An evening without Christian Worch, Brimboria Institut (1-1/1)

Place: KW Institute for Contemporary Art

The event has been cancelled.

An Evening without Christian Worch is a performance examination of the handling of Nazi issues in the public realm. On June 26, 2012, guests will be invited to attend an event to which Christian Worch, the leading figure of the right-wing extremist Freie Kameradschaftsszene (The Free Comradeship scene) will not be invited. This will offer the attending public the rare opportunity not to grapple with the theories of right-wing extremist ideology: only when it is rendered incomprehensible can we aspire not to fight it effectively.

Statement

Evil seems to have been completely eradicated from twenty-first-century Europe. Finally freed from the ideological scourges of times past, we are now witnesses to pacific, democratic societies. The consensus is that we have learned from our destructive collective past, and that whoever does not share this consensus—or deliberately opposes it—may be either grossly uneducated or otherwise a little deranged. The motive for Anders B. Breivik’s considerable mass murders (painstakingly elucidated in a 1,000-page manifesto) can only be the unavoidable result of verifiable insanity. The "Norway Killer" is reduced to a single occurrence, pushed to the deed by reasons ascribable only to him.

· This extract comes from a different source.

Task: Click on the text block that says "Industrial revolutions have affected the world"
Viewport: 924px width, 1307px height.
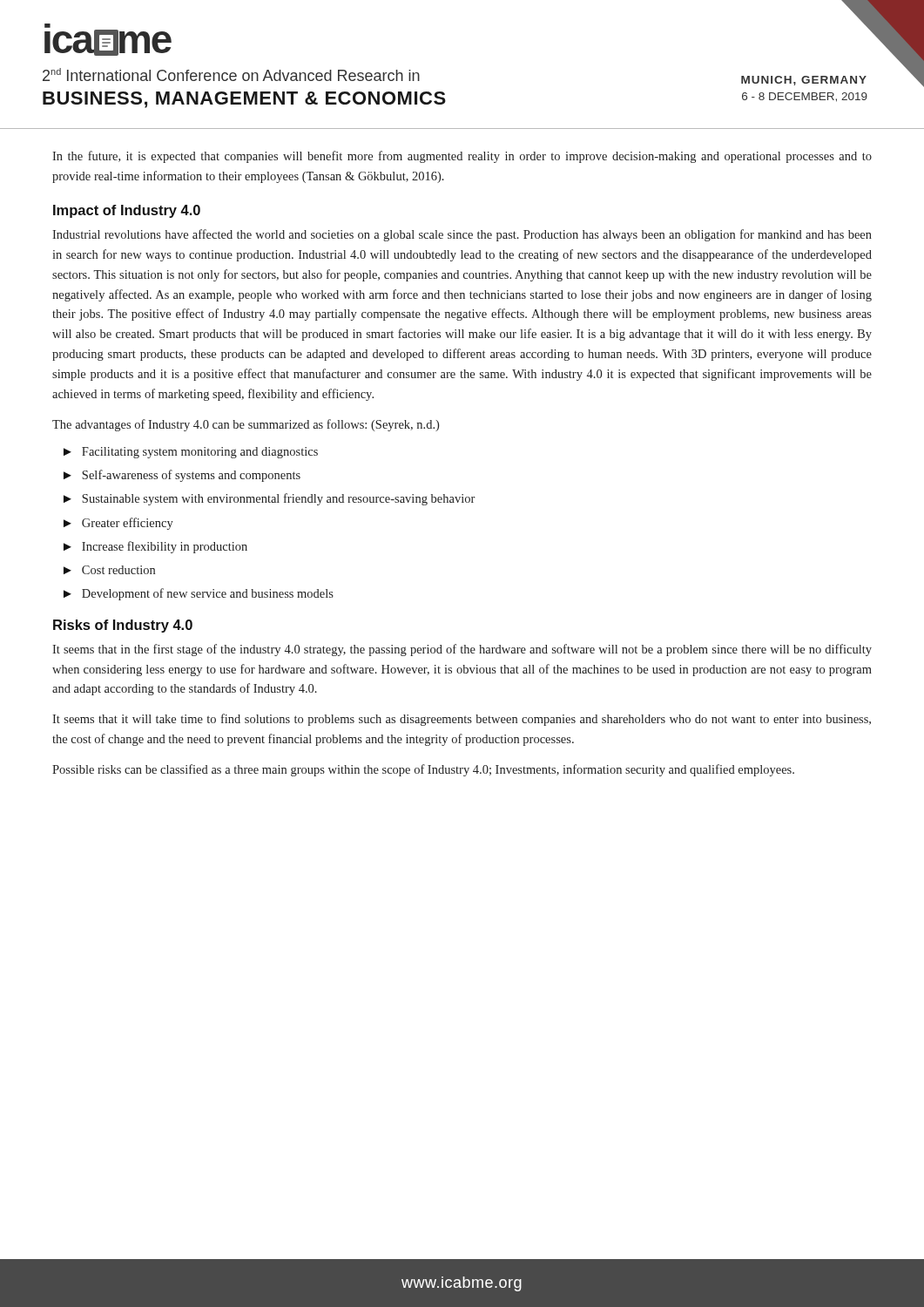Action: click(x=462, y=314)

Nazis in Germany are regarded according to this instinctual gut-reaction as well: Nazis are either dumb, brutal, and prone to violence (those in trademark bomber-jacket garb) or dumb, politically uninformed, and blind (those three-piece-suit-wearing members of the NPD). In either case, they have no understanding for a democratic way of life. This is arguably in line with the truth, with the notable exception that a probable search for the real underlying reasons cementing this world view is replaced by a mystification of the "political diehards", who do not (or rather cannot) wish to learn from history. It may well be that they lack the necessary intellectual capability to do so. Even in the most insightful anti-fascist groups, opposition to the Nazis manifests itself in the form of mild references to "dehumanizing body of thought" or "Pied Pipers".

This oversimplification is unfair to right-wing extremist ideology and to the line of argumentation followed by the Nazis; it follows that the democratic public at large is not in the position to react and respond adequately to their arguments. That the strategy of seizing the word in public events (so favored by the Nazis) works so well is a direct consequence of our ignorance and awkwardness in dealing with ideologues. As a result, Nazis are kept far removed from the public realm and thus their fables are propagated further; we unwittingly strengthen them in their role as underdogs, making them more exclusive and more attractive to the armies of dissatisfied. Their analyses, alas, display striking similarities to some bourgeois sensibilities. Please let us reveal the why openly.

Based in Leipzig, BRIMBORIA Institute is a project initiated by a group of theorists, activists, and artists committed to the exploration, promotion, and dissemination of subversive forms of protest, theory, and practice (www.brimboria.net).